The stakeholder model proposed by the feasibility study is considerate of the different skill sets required between Namibian agriculture on the one hand and power producers on the other,” Confait continues. “It has the potential to be adapted for many other waste sources, providing a solution to a need for clean energy generation and efficient GHG-mitigating waste management.”

The project’s position is strengthened by the growing need for waste management within commercial agricultural operations; this type of solution will create financial rewards for all stakeholders. The supplier of waste material can also be the power and heat energy user, and will then reap the benefits of the development through long-term energy cost savings.

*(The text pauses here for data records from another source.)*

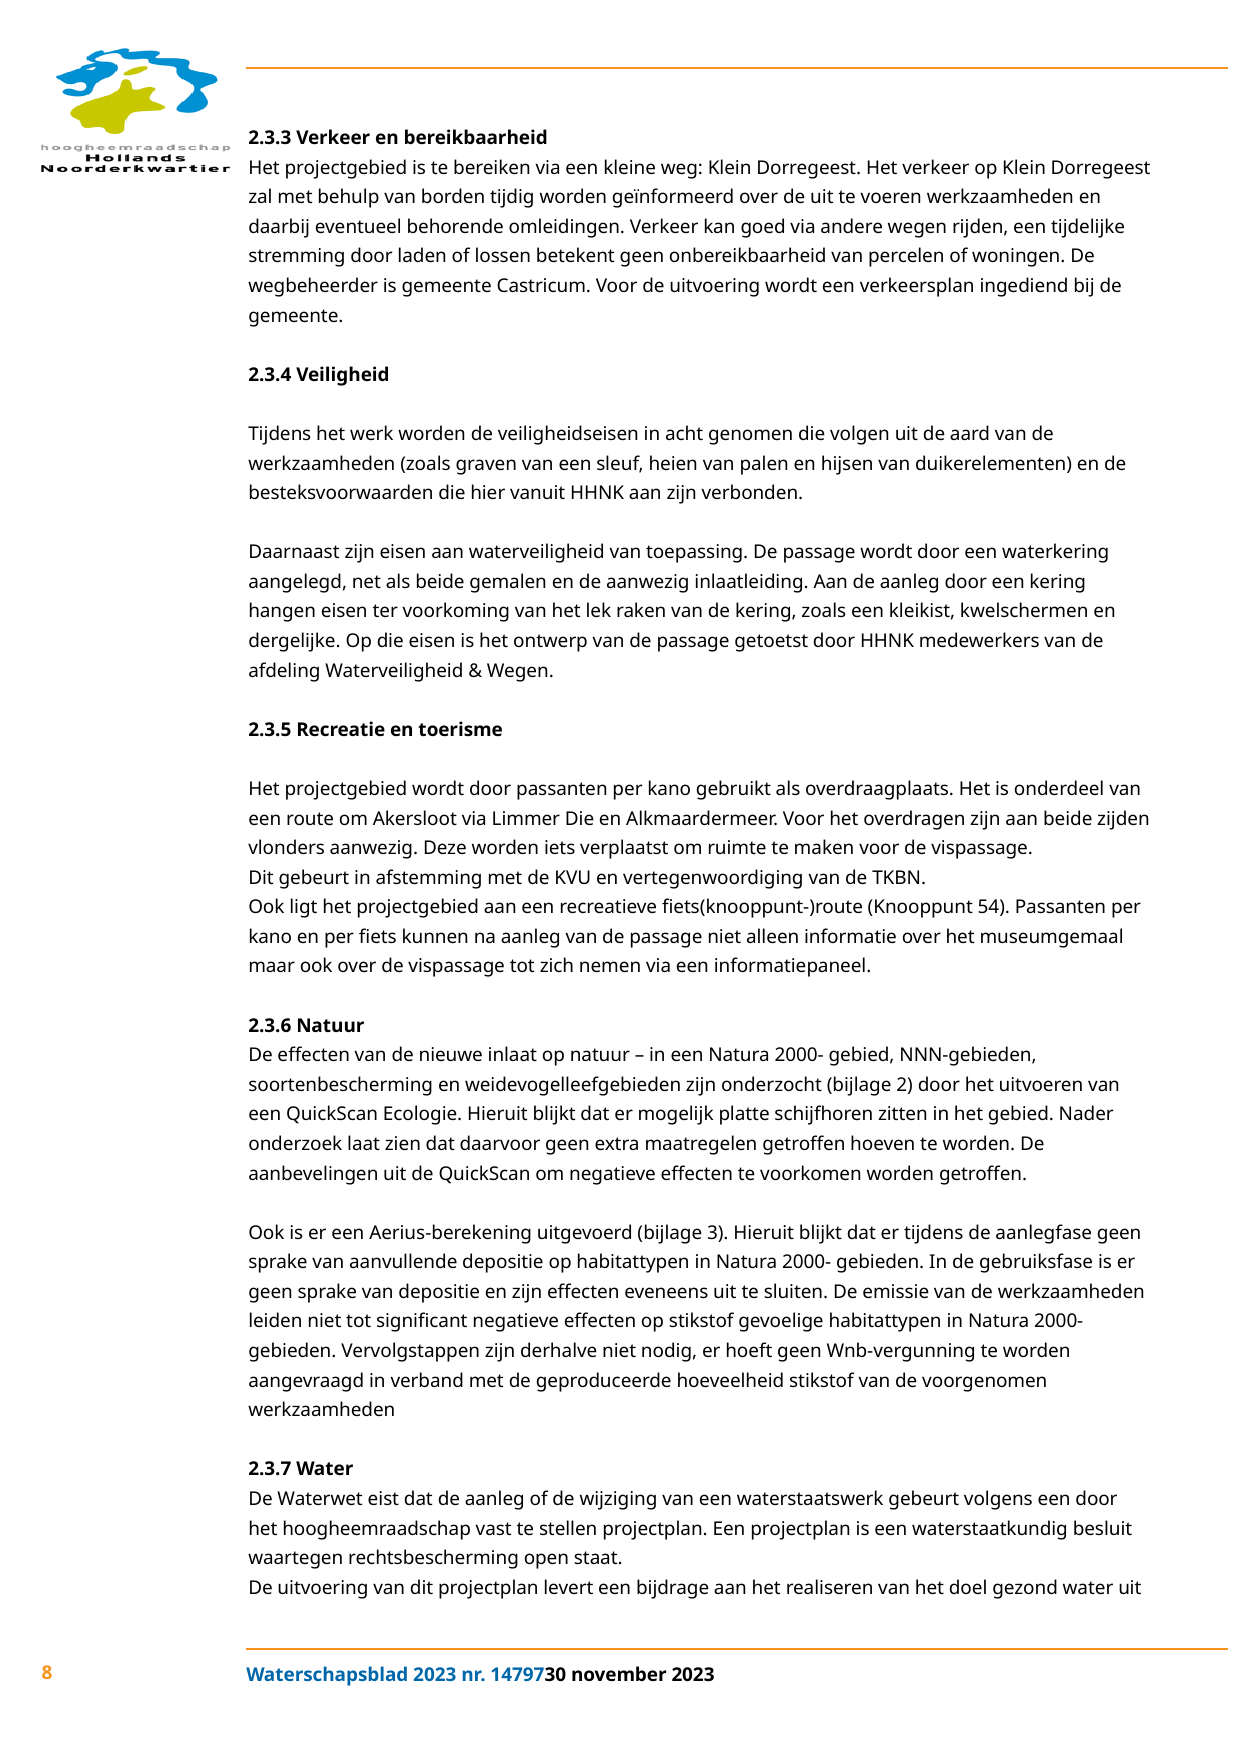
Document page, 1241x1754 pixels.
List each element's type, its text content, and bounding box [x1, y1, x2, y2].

text De Waterwet eist dat de aanleg of de wijziging van een waterstaatswerk gebeurt volgens een door het hoogheemraadschap vast te stellen projectplan. Een projectplan is een waterstaatkundig besluit waartegen rechtsbescherming open staat. [248, 1485, 1152, 1570]
text Ook ligt het projectgebied aan een recreatieve fiets(knooppunt-)route (Knooppunt 54). Passanten per kano en per fiets kunnen na aanleg van de passage niet alleen informatie over het museumgemaal maar ook over de vispassage tot zich nemen via een informatiepaneel. [248, 893, 1152, 978]
text De uitvoering van dit projectplan levert een bijdrage aan het realiseren van het doel gezond water uit [248, 1574, 1152, 1600]
text Ook is er een Aerius-berekening uitgevoerd (bijlage 3). Hieruit blijkt dat er tijdens de aanlegfase geen sprake van aanvullende depositie op habitattypen in Natura 2000- gebieden. In de gebruiksfase is er geen sprake van depositie en zijn effecten eveneens uit te sluiten. De emissie van de werkzaamheden leiden niet tot significant negatieve effecten op stikstof gevoelige habitattypen in Natura 2000-gebieden. Vervolgstappen zijn derhalve niet nodig, er hoeft geen Wnb-vergunning te worden aangevraagd in verband met de geproduceerde hoeveelheid stikstof van de voorgenomen werkzaamheden [248, 1219, 1152, 1422]
picture [41, 47, 231, 172]
text 2.3.7 Water [248, 1456, 1152, 1481]
text 2.3.3 Verkeer en bereikbaarheid [248, 124, 1152, 150]
text 2.3.4 Veiligheid [248, 361, 1152, 387]
text Dit gebeurt in afstemming met de KVU en vertegenwoordiging van de TKBN. [248, 864, 1152, 890]
text 2.3.6 Natuur [248, 1012, 1152, 1038]
text Daarnaast zijn eisen aan waterveiligheid van toepassing. De passage wordt door een waterkering aangelegd, net als beide gemalen en de aanwezig inlaatleiding. Aan de aanleg door een kering hangen eisen ter voorkoming van het lek raken van de kering, zoals een kleikist, kwelschermen en dergelijke. Op die eisen is het ontwerp van de passage getoetst door HHNK medewerkers van de afdeling Waterveiligheid & Wegen. [248, 538, 1152, 683]
text Tijdens het werk worden de veiligheidseisen in acht genomen die volgen uit de aard van de werkzaamheden (zoals graven van een sleuf, heien van palen en hijsen van duikerelementen) en de besteksvoorwaarden die hier vanuit HHNK aan zijn verbonden. [248, 420, 1152, 505]
text De effecten van de nieuwe inlaat op natuur – in een Natura 2000- gebied, NNN-gebieden, soortenbescherming en weidevogelleefgebieden zijn onderzocht (bijlage 2) door het uitvoeren van een QuickScan Ecologie. Hieruit blijkt dat er mogelijk platte schijfhoren zitten in het gebied. Nader onderzoek laat zien dat daarvoor geen extra maatregelen getroffen hoeven te worden. De aanbevelingen uit de QuickScan om negatieve effecten te voorkomen worden getroffen. [248, 1041, 1152, 1186]
text Het projectgebied is te bereiken via een kleine weg: Klein Dorregeest. Het verkeer op Klein Dorregeest zal met behulp van borden tijdig worden geïnformeerd over de uit te voeren werkzaamheden en daarbij eventueel behorende omleidingen. Verkeer kan goed via andere wegen rijden, een tijdelijke stremming door laden of lossen betekent geen onbereikbaarheid van percelen of woningen. De wegbeheerder is gemeente Castricum. Voor de uitvoering wordt een verkeersplan ingediend bij de gemeente. [248, 154, 1152, 328]
text 2.3.5 Recreatie en toerisme [248, 716, 1152, 742]
text Het projectgebied wordt door passanten per kano gebruikt als overdraagplaats. Het is onderdeel van een route om Akersloot via Limmer Die en Alkmaardermeer. Voor het overdragen zijn aan beide zijden vlonders aanwezig. Deze worden iets verplaatst om ruimte te maken voor de vispassage. [248, 775, 1152, 860]
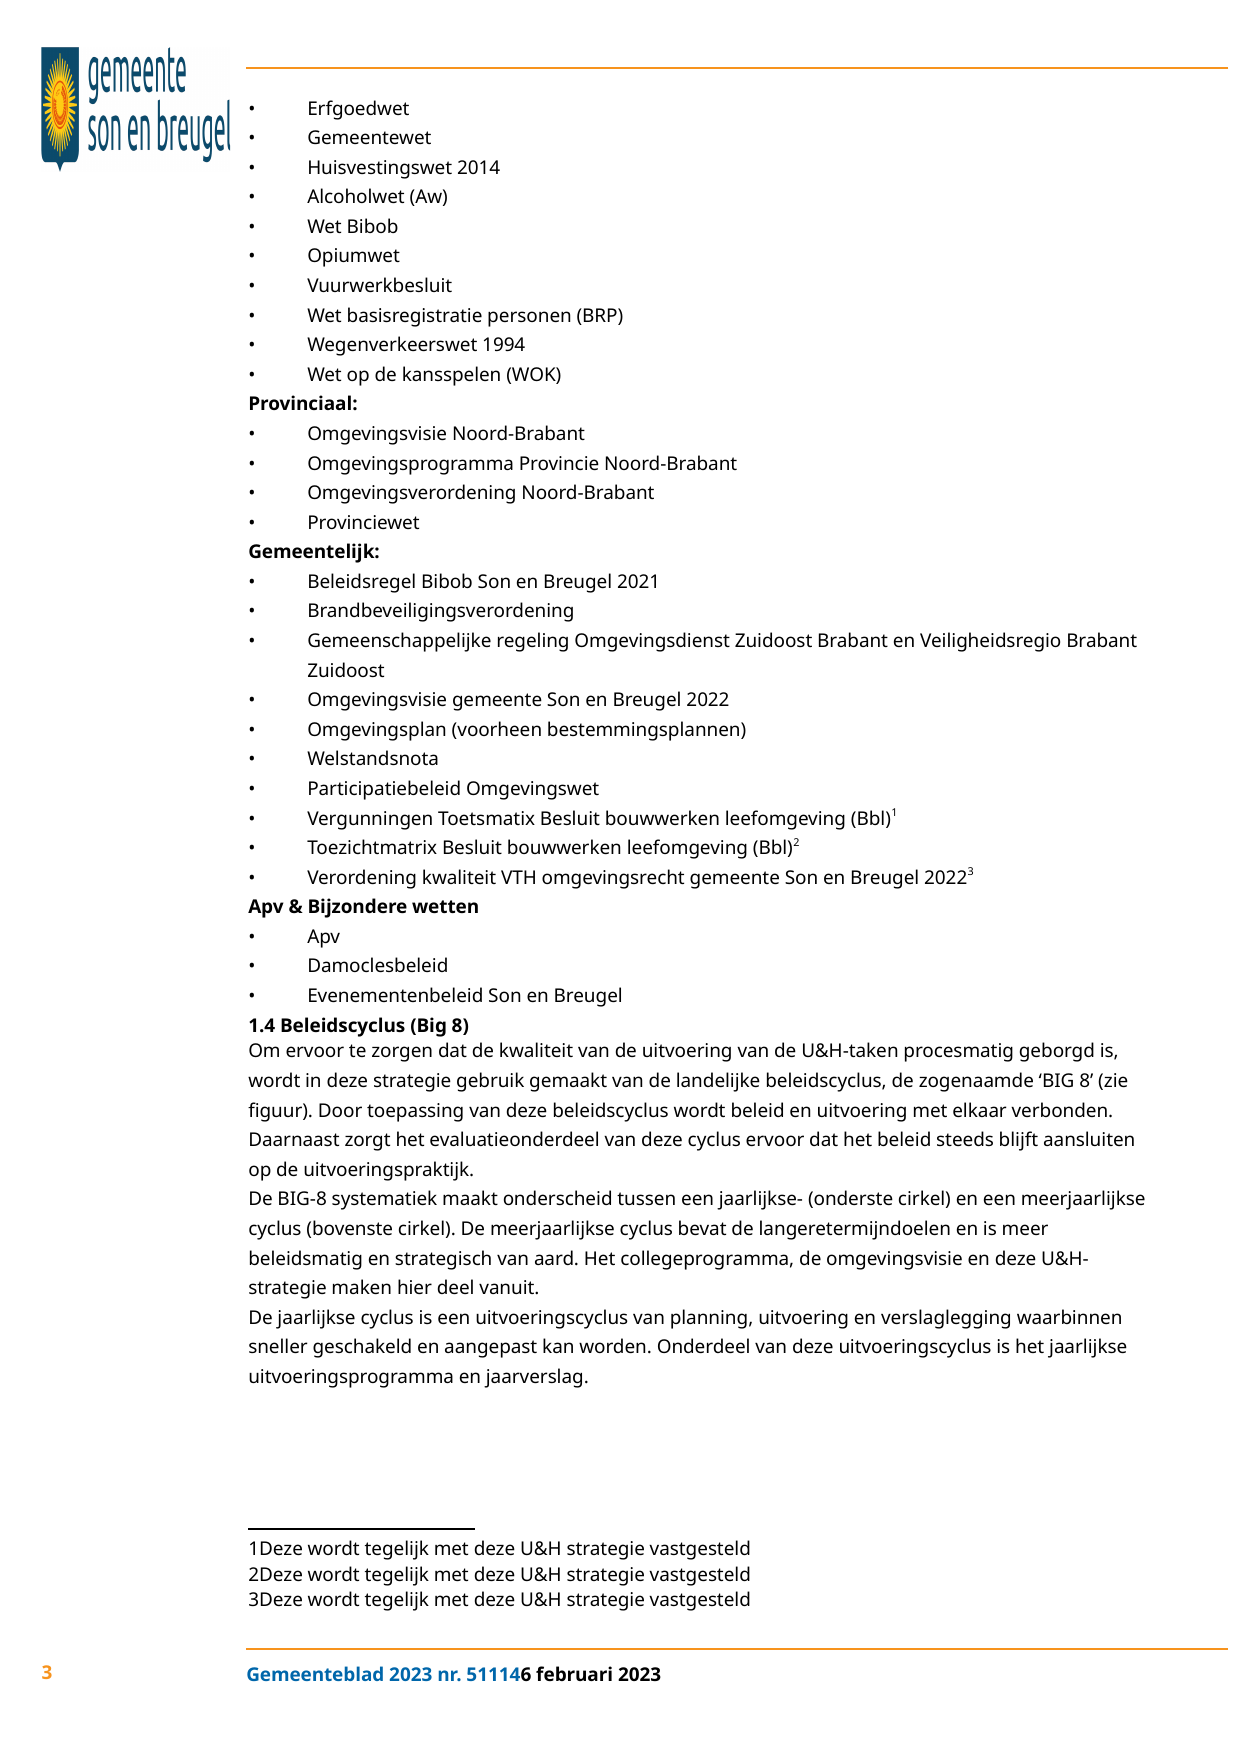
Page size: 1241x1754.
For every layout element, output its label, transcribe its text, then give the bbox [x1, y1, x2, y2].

list Wegenverkeerswet 1994 [248, 331, 1152, 357]
text Provinciaal: [248, 391, 1152, 416]
picture [41, 47, 231, 172]
list Provinciewet [248, 509, 1152, 535]
list Damoclesbeleid [248, 953, 1152, 978]
list Deze wordt tegelijk met deze U&H strategie vastgesteld [248, 1535, 1152, 1561]
list Erfgoedwet [248, 95, 1152, 121]
list Omgevingsprogramma Provincie Noord-Brabant [248, 450, 1152, 476]
list Brandbeveiligingsverordening [248, 598, 1152, 623]
list Omgevingsvisie Noord-Brabant [248, 420, 1152, 446]
list Toezichtmatrix Besluit bouwwerken leefomgeving (Bbl) [248, 834, 1152, 860]
list Gemeenschappelijke regeling Omgevingsdienst Zuidoost Brabant en Veiligheidsregio Brabant Zuidoost [248, 627, 1152, 683]
list Vergunningen Toetsmatix Besluit bouwwerken leefomgeving (Bbl) [248, 805, 1152, 831]
list Opiumwet [248, 243, 1152, 268]
list Apv [248, 923, 1152, 949]
list Deze wordt tegelijk met deze U&H strategie vastgesteld [248, 1586, 1152, 1612]
list Verordening kwaliteit VTH omgevingsrecht gemeente Son en Breugel 2022 [248, 864, 1152, 890]
list Deze wordt tegelijk met deze U&H strategie vastgesteld [248, 1561, 1152, 1586]
text Gemeentelijk: [248, 538, 1152, 564]
list Vuurwerkbesluit [248, 272, 1152, 298]
text Om ervoor te zorgen dat de kwaliteit van de uitvoering van de U&H-taken procesmatig geborgd is, wordt in deze strategie gebruik gemaakt van de landelijke beleidscyclus, de zogenaamde ‘BIG 8’ (zie figuur). Door toepassing van deze beleidscyclus wordt beleid en uitvoering met elkaar verbonden. [248, 1038, 1152, 1122]
list Wet op de kansspelen (WOK) [248, 361, 1152, 387]
list Omgevingsvisie gemeente Son en Breugel 2022 [248, 686, 1152, 712]
list Wet Bibob [248, 213, 1152, 239]
text De BIG-8 systematiek maakt onderscheid tussen een jaarlijkse- (onderste cirkel) en een meerjaarlijkse cyclus (bovenste cirkel). De meerjaarlijkse cyclus bevat de langeretermijndoelen en is meer beleidsmatig en strategisch van aard. Het collegeprogramma, de omgevingsvisie en deze U&H-strategie maken hier deel vanuit. [248, 1186, 1152, 1300]
list Huisvestingswet 2014 [248, 154, 1152, 180]
list Wet basisregistratie personen (BRP) [248, 302, 1152, 328]
list Omgevingsplan (voorheen bestemmingsplannen) [248, 716, 1152, 742]
text Apv & Bijzondere wetten [248, 893, 1152, 919]
list Beleidsregel Bibob Son en Breugel 2021 [248, 568, 1152, 594]
list Alcoholwet (Aw) [248, 183, 1152, 209]
text 1.4 Beleidscyclus (Big 8) [248, 1012, 1152, 1038]
text Daarnaast zorgt het evaluatieonderdeel van deze cyclus ervoor dat het beleid steeds blijft aansluiten op de uitvoeringspraktijk. [248, 1126, 1152, 1182]
list Evenementenbeleid Son en Breugel [248, 982, 1152, 1008]
text De jaarlijkse cyclus is een uitvoeringscyclus van planning, uitvoering en verslaglegging waarbinnen sneller geschakeld en aangepast kan worden. Onderdeel van deze uitvoeringscyclus is het jaarlijkse uitvoeringsprogramma en jaarverslag. [248, 1304, 1152, 1389]
list Participatiebeleid Omgevingswet [248, 775, 1152, 801]
list Omgevingsverordening Noord-Brabant [248, 479, 1152, 505]
list Welstandsnota [248, 746, 1152, 771]
list Gemeentewet [248, 124, 1152, 150]

Confait says: “Although no similar projects have been implemented in Namibia, and few have been initiated in Southern Africa, a great number have been successfully installed and managed in Europe and North America.”

“The success of these projects, associated with a direct link to knowledgeable individuals and organisations in the relevant countries, provides a strong empirical base from which this project can be implemented and potentially replicated in the future.”

With South Africa’s largest rooftop Grid-Tied PV power plant of 1MW under its belt, Renen is now hoping to roll out 3 to 8 MW during 2014.